1. President-elect Donald Trump said Tuesday that he’s fully mended fences with House Speaker Paul Ryan, praising him as being “like a fine wine.” As opposed to Trump himself who is more like a fine whine.
2. According to a new study, men, on average, last two minutes during sex. “Two minutes has never felt more like an eternity,” said Melania.
3. An art gallery in Los Angeles has collected 12,756 VHS copies of the film “Jerry Maguire.” If stockpiling VHS tapes of mildly amusing, rom-coms from the early 90s is considered art then my parent’s den must be the fucking Louvre.
4. After the town marshal and four reserve deputies walked off the job in protest on Monday, the small Indiana town of Bunker Hill was left without any police officers. While the protest is going on, residents are being asked to behave properly, storeowners are being asked to be vigilant and black people are being asked to shoot themselves.
5. A state trooper in New Jersey has been arrested and suspended without pay for allegedly pulling women over just to ask them out on dates. The drivers knew something was amiss when, after he frisked them, he turned around and said, “Okay, now your turn.”
6. NBC News is reporting that President Vladimir Putin was directly involved in the intel campaign conducted by the Russians aimed at influencing the U.S. election. That’s crazy, can you imagine having a president actually present and involved in intel briefings?
7. President-elect Donald Trump has announced that his first decoration for the Oval Office will be a 1987 letter from Richard Nixon to Trump. Which makes sense because Trump and Nixon have a lot in common, both were presidents, both are forever tied to hotels and both are called Dick for short.
8. According to reports, President-elect Donald Trump is planning to offer the head of the National Endowment for the Arts to actor Sylvester Stallone. Because, much like the rest of America, Trump has already forgotten about Scott Baio.
9. In a telephone call, President-elect Donald Trump told Vietnam’s prime minister he wanted to further strengthen ties between the two countries. Although, I’m not sure they were talking about the same thing:
10. Bruce Springsteen’s 1957 Chevrolet Bel Air convertible, referenced in his iconic song “Born to Run,” is up for auction. Singer Billy Ocean is thinking about selling the car from his hit “Get Out of My Dreams and Into My Car,” but can’t as of right because he is living in it.

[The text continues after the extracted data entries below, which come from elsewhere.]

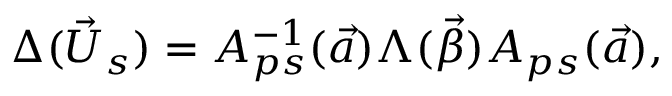Convert formula to latex. <formula><loc_0><loc_0><loc_500><loc_500>\Delta ( \vec { U } _ { s } ) = A _ { p s } ^ { - 1 } ( \vec { a } ) \Lambda ( \vec { \beta } ) A _ { p s } ( \vec { a } ) ,</formula> 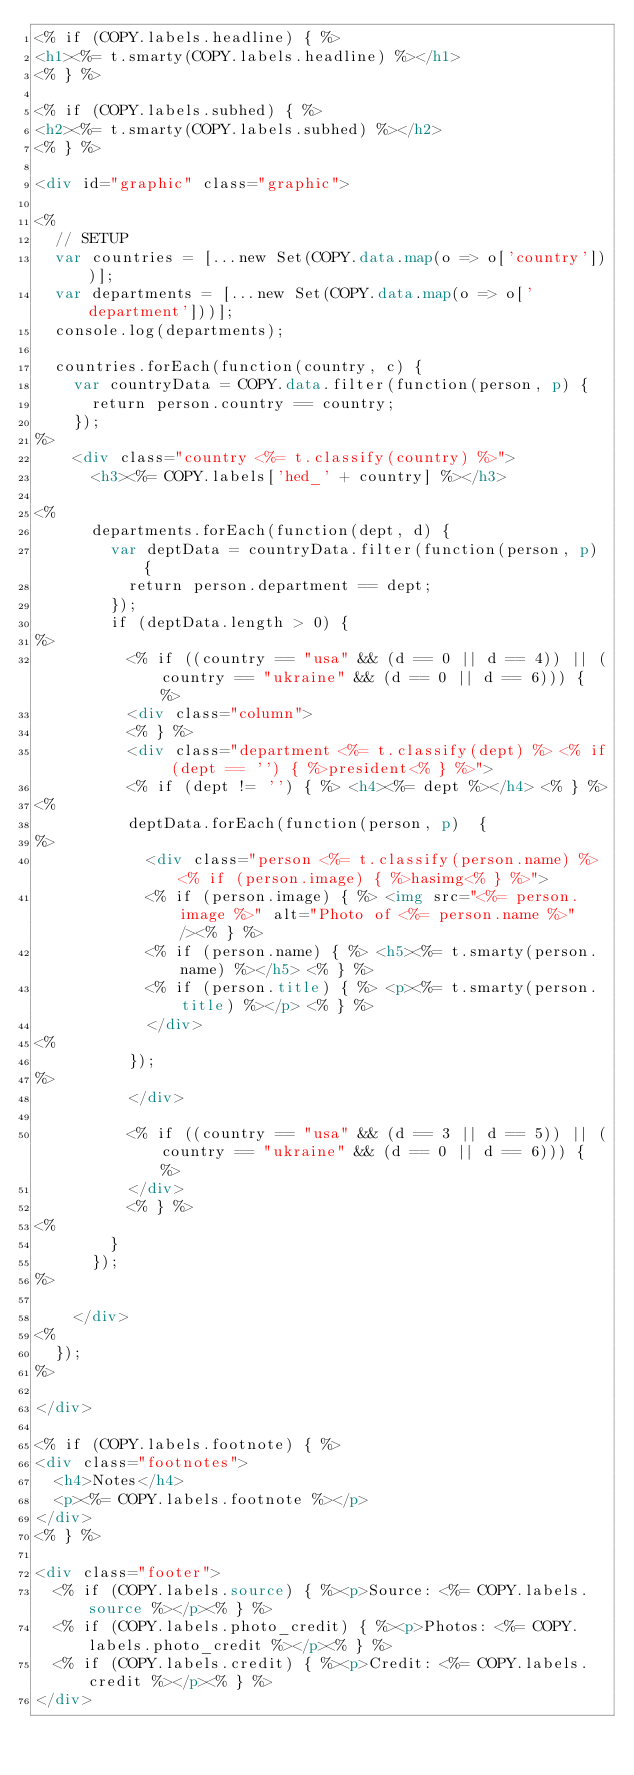<code> <loc_0><loc_0><loc_500><loc_500><_HTML_><% if (COPY.labels.headline) { %>
<h1><%= t.smarty(COPY.labels.headline) %></h1>
<% } %>

<% if (COPY.labels.subhed) { %>
<h2><%= t.smarty(COPY.labels.subhed) %></h2>
<% } %>

<div id="graphic" class="graphic">

<%
  // SETUP
  var countries = [...new Set(COPY.data.map(o => o['country']))];
  var departments = [...new Set(COPY.data.map(o => o['department']))];
  console.log(departments);

  countries.forEach(function(country, c) {
    var countryData = COPY.data.filter(function(person, p) {
      return person.country == country;
    });
%>
    <div class="country <%= t.classify(country) %>">
      <h3><%= COPY.labels['hed_' + country] %></h3>

<%
      departments.forEach(function(dept, d) {
        var deptData = countryData.filter(function(person, p) {
          return person.department == dept;
        });
        if (deptData.length > 0) {
%>
          <% if ((country == "usa" && (d == 0 || d == 4)) || (country == "ukraine" && (d == 0 || d == 6))) { %>
          <div class="column">
          <% } %>
          <div class="department <%= t.classify(dept) %> <% if (dept == '') { %>president<% } %>">
          <% if (dept != '') { %> <h4><%= dept %></h4> <% } %>
<%
          deptData.forEach(function(person, p)  {
%>
            <div class="person <%= t.classify(person.name) %> <% if (person.image) { %>hasimg<% } %>">
            <% if (person.image) { %> <img src="<%= person.image %>" alt="Photo of <%= person.name %>" /><% } %>
            <% if (person.name) { %> <h5><%= t.smarty(person.name) %></h5> <% } %>
            <% if (person.title) { %> <p><%= t.smarty(person.title) %></p> <% } %>
            </div>
<%
          });
%>
          </div>

          <% if ((country == "usa" && (d == 3 || d == 5)) || (country == "ukraine" && (d == 0 || d == 6))) { %>
          </div>
          <% } %>
<%
        }
      });
%>

    </div>
<%
  });
%>

</div>

<% if (COPY.labels.footnote) { %>
<div class="footnotes">
  <h4>Notes</h4>
  <p><%= COPY.labels.footnote %></p>
</div>
<% } %>

<div class="footer">
  <% if (COPY.labels.source) { %><p>Source: <%= COPY.labels.source %></p><% } %>
  <% if (COPY.labels.photo_credit) { %><p>Photos: <%= COPY.labels.photo_credit %></p><% } %>
  <% if (COPY.labels.credit) { %><p>Credit: <%= COPY.labels.credit %></p><% } %>
</div>
</code> 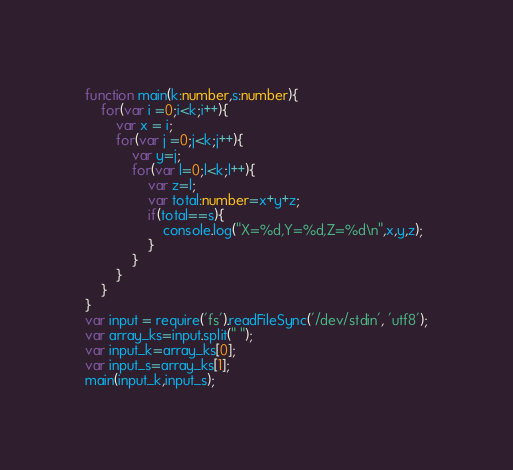<code> <loc_0><loc_0><loc_500><loc_500><_TypeScript_>function main(k:number,s:number){
    for(var i =0;i<k;i++){
        var x = i;
        for(var j =0;j<k;j++){
            var y=j;
            for(var l=0;l<k;l++){
                var z=l;
                var total:number=x+y+z;
                if(total==s){
                    console.log("X=%d,Y=%d,Z=%d\n",x,y,z);
                }
            }
        }
    }
}
var input = require('fs').readFileSync('/dev/stdin', 'utf8');
var array_ks=input.split(" ");
var input_k=array_ks[0];
var input_s=array_ks[1];
main(input_k,input_s);</code> 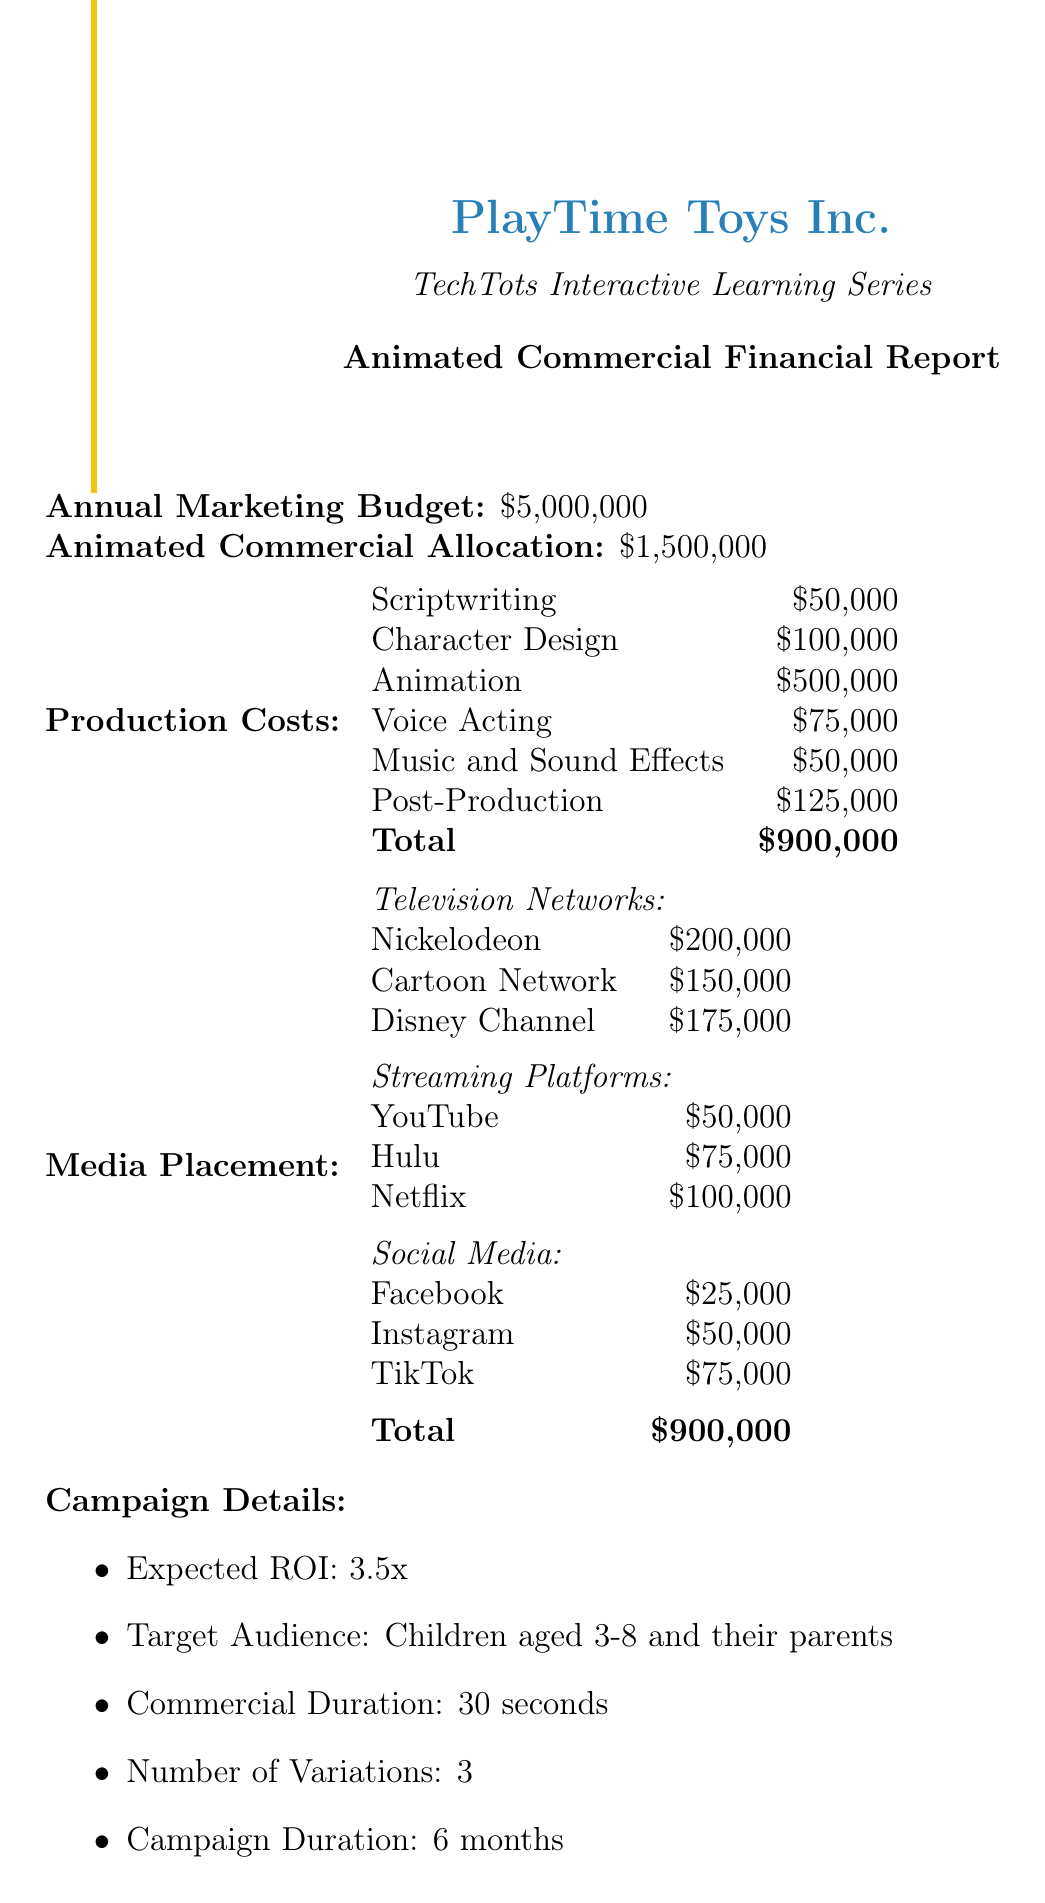What is the annual marketing budget? The annual marketing budget is explicitly stated in the document.
Answer: $5,000,000 How much is allocated for animated commercials? The document specifies the amount allocated for animated commercials.
Answer: $1,500,000 What is the total for production costs? The total production costs are listed in the breakdown section of the document.
Answer: $900,000 Which television network receives the highest allocation? The allocations for television networks are compared in the document to identify the highest one.
Answer: Nickelodeon What is the expected ROI for the campaign? The expected ROI is mentioned in the campaign details section of the document.
Answer: 3.5x How long is the commercial duration? The duration of the commercial is noted in the campaign details section.
Answer: 30 seconds What is the target audience for the animated commercials? The target audience is clearly stated in the document.
Answer: Children aged 3-8 and their parents How many variations of the commercial will be produced? The number of variations is specified in the campaign details.
Answer: 3 What are the total media placement costs? The total media placement costs are presented in the breakdown section of the document.
Answer: $900,000

11. The UK’s fertility regulator has given the green light to a treatment that will make it possible for babies to be made from two women and a man. “Who said anything about trying to make a baby?” said Bill Clinton.

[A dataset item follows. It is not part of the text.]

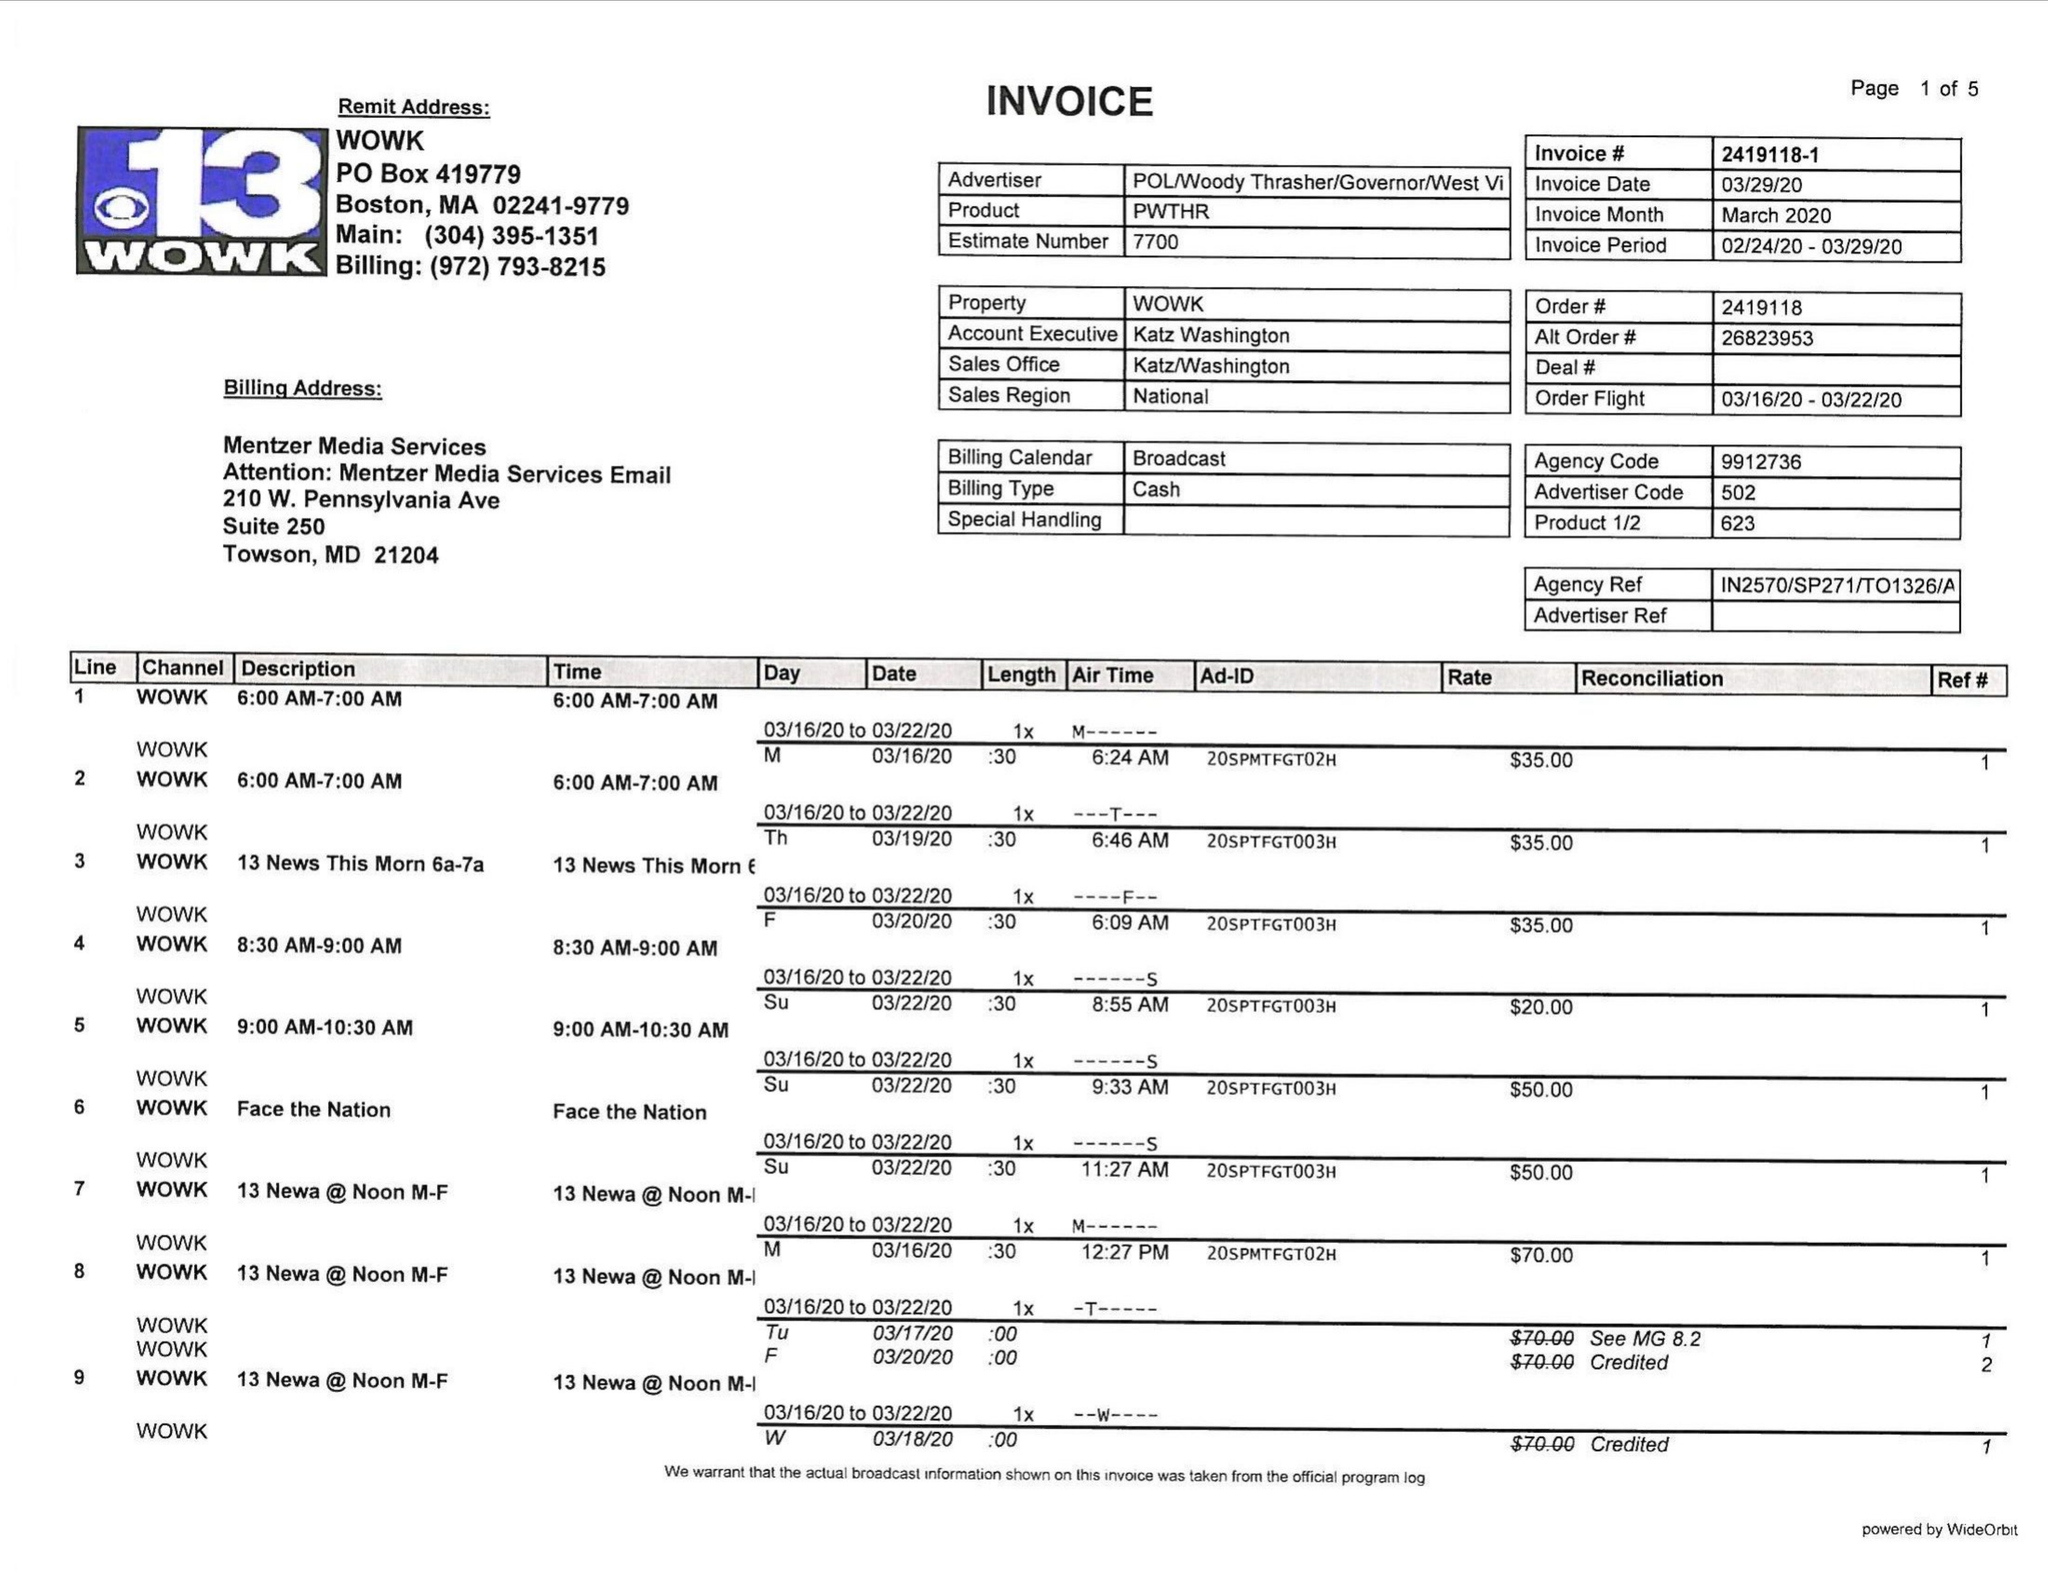What is the value for the flight_to?
Answer the question using a single word or phrase. 03/22/20

12. An online novelty store is selling what it calls a ‘hipster’ nativity scene for $130. I don’t understand, everyone was wearing sandals, they all had beards, two guys showed up to the party with frankincense and myrrh, and they were giving birth in a barn, what did they change to make it hipster?
14. Massachusetts on Thursday became the first state in the Northeast to legalize marijuana for recreational use. And what better way for weed to become legal than by announcing it over a month after the vote took place.

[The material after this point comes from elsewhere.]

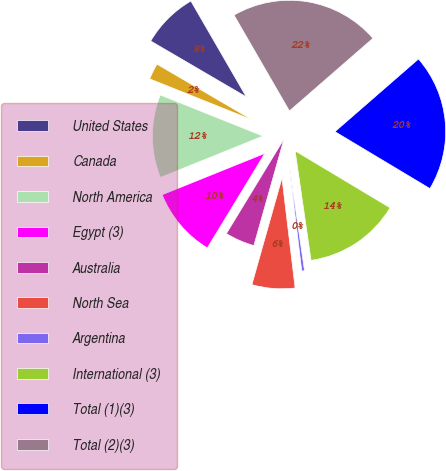<chart> <loc_0><loc_0><loc_500><loc_500><pie_chart><fcel>United States<fcel>Canada<fcel>North America<fcel>Egypt (3)<fcel>Australia<fcel>North Sea<fcel>Argentina<fcel>International (3)<fcel>Total (1)(3)<fcel>Total (2)(3)<nl><fcel>8.24%<fcel>2.36%<fcel>12.16%<fcel>10.2%<fcel>4.32%<fcel>6.28%<fcel>0.4%<fcel>14.11%<fcel>19.99%<fcel>21.95%<nl></chart> 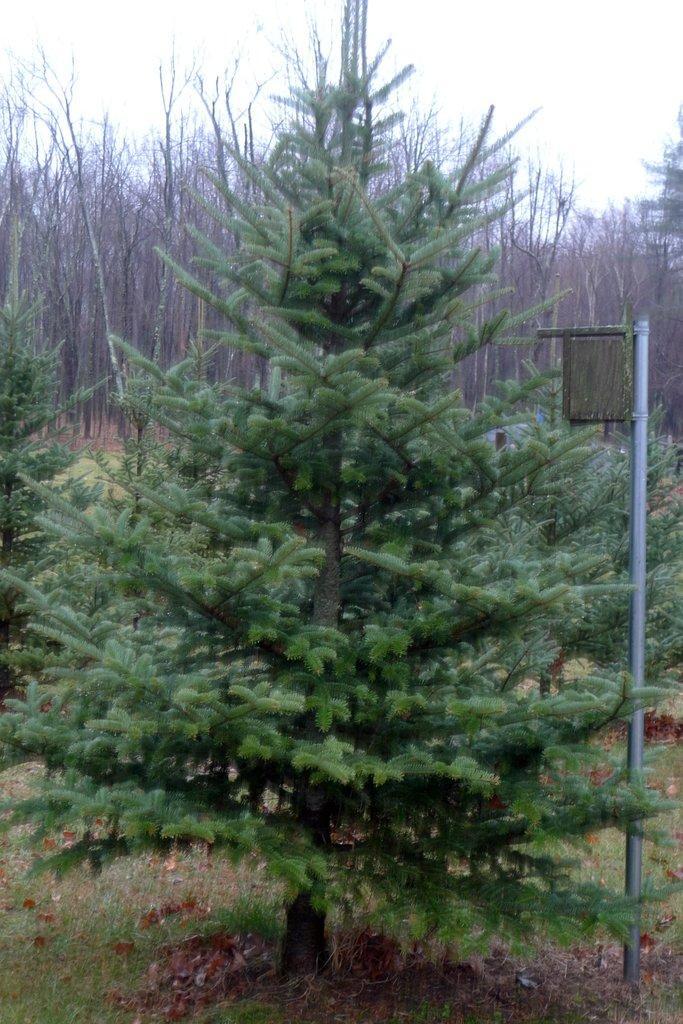Can you describe this image briefly? In this image we can see a group of trees, grass, a pole and the sky.

15. Actress Jennifer Lawrence is facing a backlash after admitting during in an interview that she used some sacred rocks in Hawaii to scratch her butt. But, in her defense, they weren’t sacred before.
16. On Friday, the attorney general of Cherokee Nation legalized same-sex marriage within the tribe. Which is great news for Never Had a Girlfriend and his ‘roommate’ Cries at the Ice Capades.
18. A debt-ridden student in Australia blew $1.3 million on sports cars, speed boats, strippers and cocaine after a bank error gave him an unlimited overdraft. “I know what it feels like to waste that kind of money,” said Hillary donors.
19. According to doctors, consuming large amounts of marijuana can result in endless cycles of vomiting. Although, I imagine the constant Phish music also has something to do with that.
20. According to reports, New Jersey Governor Chris Christie turned down several positions in President-elect Donald Trump’s incoming administration, including ambassador to Italy. Which doesn’t make sense, because you’d think with all the bridges in Venice, that’d be his holy grail.